Each enodeB is responsible of RBs allocation within a cell while transmit power determination is centralized. Position of selected users is subject to changes, which makes reinforcement learning a good choice for its flexibility to topology changes [15].

We use GA [32,40] as a policy search-based reinforcement learning for both resource allocation and power control steps. GA is a method used in evolutionary algorithms (EARL) [41,42,43,44,45,46,47,48,49] for reinforcement learning as a policy search method.

Reinforcement learning is learning what to do—how to map situations to actions—to maximize a numerical reward signal [50]. A reinforcement learning system can be described by the following elements: an agent, an environment, a policy, a reward function, a value function, and, optionally, a model of the environment [50].

Genetic algorithm (GA) is an optimization and search technique based on the principles of genetics and natural selection [42,51,52]. Genetic algorithms belong to meta heuristics family approaches of solving problems and are inspired by the evolution.

5.1. User Selection Step

Users selection step is responsible for selecting users that are eligible for RBs allocation. Users selection is done per cell.

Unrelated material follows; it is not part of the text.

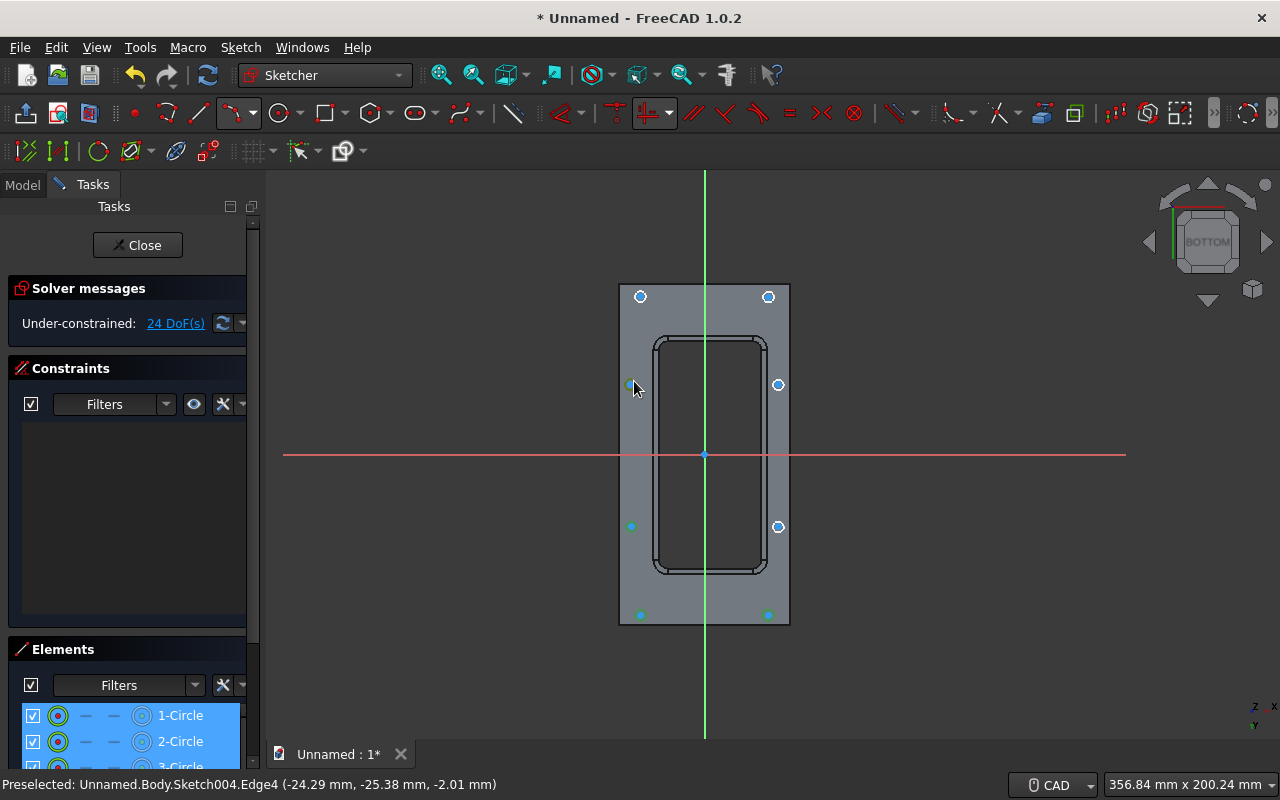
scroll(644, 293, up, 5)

Depending on the number of users, the number of possible combinations to have for allocating resource blocks can be very high.

It does not make sense to allocate resource to users if there are no packets to be sent to them. Packets should be sent within acceptable delay, otherwise they will be discarded. The selection process then considers buffer status (transmission and retransmission queues) and head of line delay so that only users having packets to receive will be selected. Users are selected in two phases to reduce the state space for the resource allocation step.

In the first phase, users are sorted according to the buffer status. Since a resource block should be allocated to users that may effectively use it in order to not waste it, only users that have data to receive are eligible to be selected. Both transmission queues and retransmission queues are considered. Two lists are obtained. The first list contains users having data in their transmission queue and the second list contains users having data in their retransmission queue. The two lists are then combined to make one list.

In the second step, users are selected based on their priority. The HoL defines the priority. Users that have their HoL closed to the maximum allowed for the considered service are placed on the top of the list. The number of users selected is greater than the number of resource blocks available.

The selection process is summarized in Algorithm 1.

Algorithm 1 not only cares about QoS but also cares about fairness, since, if a user is starving, its head of line delay will become higher. It also cares about users with bad channel conditions since users having traffic in their retransmission buffer are considered. Users having their HoL greater than the maximum delay allowed will have some packets discarded in the frequency domain scheduler and that action will lowered their HoL.

Algorithm 1: Users selection

5.2. Resource Allocation Step

This step is responsible for allocating resource blocks to users selected in the previous step.

In this step, policy space based reinforcement learning is used instead of value function space to allocate RBs to users selected in the previous step. Policy space search methods use explicit policies and modify them through search operators [41]. We use GA as a policy space search, where a policy is represented by a chromosome. An agent interacts with its environment and learns the best policy to allocate RBs to users. The reinforcement learning agent–environment interaction [13] for resource allocation is represented in Figure 2, where $S_t$ is a representation of the state at time t and $A_t$ represents action taken by an agent at time t, which leads to the state $S_{t+1}$ after receiving reward $R_{t+1}$ at time $t+1$. $R_t$ represents reward received from previous action. There are two possible rewards: −1 and 1.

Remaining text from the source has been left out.